§ **Work to complete**: Everything in the records below should be set down again, word for word.
***
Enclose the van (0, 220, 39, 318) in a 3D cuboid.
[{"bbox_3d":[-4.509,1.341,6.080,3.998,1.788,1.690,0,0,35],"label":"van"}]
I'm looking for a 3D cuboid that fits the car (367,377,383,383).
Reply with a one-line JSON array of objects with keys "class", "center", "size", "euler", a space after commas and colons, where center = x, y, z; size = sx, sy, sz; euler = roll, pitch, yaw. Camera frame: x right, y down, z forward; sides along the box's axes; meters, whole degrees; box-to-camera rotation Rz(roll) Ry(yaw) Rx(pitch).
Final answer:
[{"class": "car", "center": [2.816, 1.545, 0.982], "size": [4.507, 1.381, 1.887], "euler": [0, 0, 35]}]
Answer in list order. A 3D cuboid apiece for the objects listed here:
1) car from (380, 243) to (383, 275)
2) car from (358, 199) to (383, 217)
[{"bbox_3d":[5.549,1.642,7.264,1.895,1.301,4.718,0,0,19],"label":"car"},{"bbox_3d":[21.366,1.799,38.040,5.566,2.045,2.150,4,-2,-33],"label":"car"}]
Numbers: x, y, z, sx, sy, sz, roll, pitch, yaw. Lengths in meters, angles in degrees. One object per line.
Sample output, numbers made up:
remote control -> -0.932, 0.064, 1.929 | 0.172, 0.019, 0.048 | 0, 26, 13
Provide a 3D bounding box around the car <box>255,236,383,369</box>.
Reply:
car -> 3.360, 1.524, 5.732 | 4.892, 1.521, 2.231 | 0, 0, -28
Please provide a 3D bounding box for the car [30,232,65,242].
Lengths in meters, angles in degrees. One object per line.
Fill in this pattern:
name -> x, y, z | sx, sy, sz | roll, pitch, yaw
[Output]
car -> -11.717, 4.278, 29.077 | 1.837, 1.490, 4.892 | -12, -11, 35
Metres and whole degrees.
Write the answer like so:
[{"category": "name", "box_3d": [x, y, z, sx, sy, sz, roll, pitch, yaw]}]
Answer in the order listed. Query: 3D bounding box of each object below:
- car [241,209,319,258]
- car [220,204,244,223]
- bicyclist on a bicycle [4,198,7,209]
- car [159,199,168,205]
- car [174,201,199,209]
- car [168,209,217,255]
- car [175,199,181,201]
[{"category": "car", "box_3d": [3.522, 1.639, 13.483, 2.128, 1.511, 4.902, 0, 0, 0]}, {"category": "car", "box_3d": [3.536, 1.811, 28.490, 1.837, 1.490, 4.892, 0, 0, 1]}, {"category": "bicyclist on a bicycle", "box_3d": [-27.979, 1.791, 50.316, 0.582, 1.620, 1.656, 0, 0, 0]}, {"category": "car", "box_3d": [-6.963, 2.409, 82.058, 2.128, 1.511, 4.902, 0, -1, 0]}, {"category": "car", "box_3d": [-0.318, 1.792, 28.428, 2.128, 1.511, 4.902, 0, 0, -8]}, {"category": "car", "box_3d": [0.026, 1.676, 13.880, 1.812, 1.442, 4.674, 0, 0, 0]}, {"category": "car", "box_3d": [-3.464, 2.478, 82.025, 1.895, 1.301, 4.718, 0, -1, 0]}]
***
§ **Task result**:
Enclose the van (0, 220, 39, 318) in a 3D cuboid.
[{"bbox_3d":[-4.509,1.341,6.080,3.998,1.788,1.690,0,0,35],"label":"van"}]
I'm looking for a 3D cuboid that fits the car (367,377,383,383).
Reply with a one-line JSON array of objects with keys "class", "center", "size", "euler", a space after commas and colons, where center = x, y, z; size = sx, sy, sz; euler = roll, pitch, yaw. Camera frame: x right, y down, z forward; sides along the box's axes; meters, whole degrees; box-to-camera rotation Rz(roll) Ry(yaw) Rx(pitch).
Final answer:
[{"class": "car", "center": [2.816, 1.545, 0.982], "size": [4.507, 1.381, 1.887], "euler": [0, 0, 35]}]
Answer in list order. A 3D cuboid apiece for the objects listed here:
1) car from (380, 243) to (383, 275)
2) car from (358, 199) to (383, 217)
[{"bbox_3d":[5.549,1.642,7.264,1.895,1.301,4.718,0,0,19],"label":"car"},{"bbox_3d":[21.366,1.799,38.040,5.566,2.045,2.150,4,-2,-33],"label":"car"}]
Numbers: x, y, z, sx, sy, sz, roll, pitch, yaw. Lengths in meters, angles in degrees. One object per line.
Sample output, numbers made up:
remote control -> -0.932, 0.064, 1.929 | 0.172, 0.019, 0.048 | 0, 26, 13
Provide a 3D bounding box around the car <box>255,236,383,369</box>.
Reply:
car -> 3.360, 1.524, 5.732 | 4.892, 1.521, 2.231 | 0, 0, -28
Please provide a 3D bounding box for the car [30,232,65,242].
Lengths in meters, angles in degrees. One object per line.
Fill in this pattern:
name -> x, y, z | sx, sy, sz | roll, pitch, yaw
[Output]
car -> -11.717, 4.278, 29.077 | 1.837, 1.490, 4.892 | -12, -11, 35
Metres and whole degrees.
Write the answer like so:
[{"category": "name", "box_3d": [x, y, z, sx, sy, sz, roll, pitch, yaw]}]
Answer in the order listed. Query: 3D bounding box of each object below:
- car [241,209,319,258]
- car [220,204,244,223]
- bicyclist on a bicycle [4,198,7,209]
- car [159,199,168,205]
- car [174,201,199,209]
- car [168,209,217,255]
- car [175,199,181,201]
[{"category": "car", "box_3d": [3.522, 1.639, 13.483, 2.128, 1.511, 4.902, 0, 0, 0]}, {"category": "car", "box_3d": [3.536, 1.811, 28.490, 1.837, 1.490, 4.892, 0, 0, 1]}, {"category": "bicyclist on a bicycle", "box_3d": [-27.979, 1.791, 50.316, 0.582, 1.620, 1.656, 0, 0, 0]}, {"category": "car", "box_3d": [-6.963, 2.409, 82.058, 2.128, 1.511, 4.902, 0, -1, 0]}, {"category": "car", "box_3d": [-0.318, 1.792, 28.428, 2.128, 1.511, 4.902, 0, 0, -8]}, {"category": "car", "box_3d": [0.026, 1.676, 13.880, 1.812, 1.442, 4.674, 0, 0, 0]}, {"category": "car", "box_3d": [-3.464, 2.478, 82.025, 1.895, 1.301, 4.718, 0, -1, 0]}]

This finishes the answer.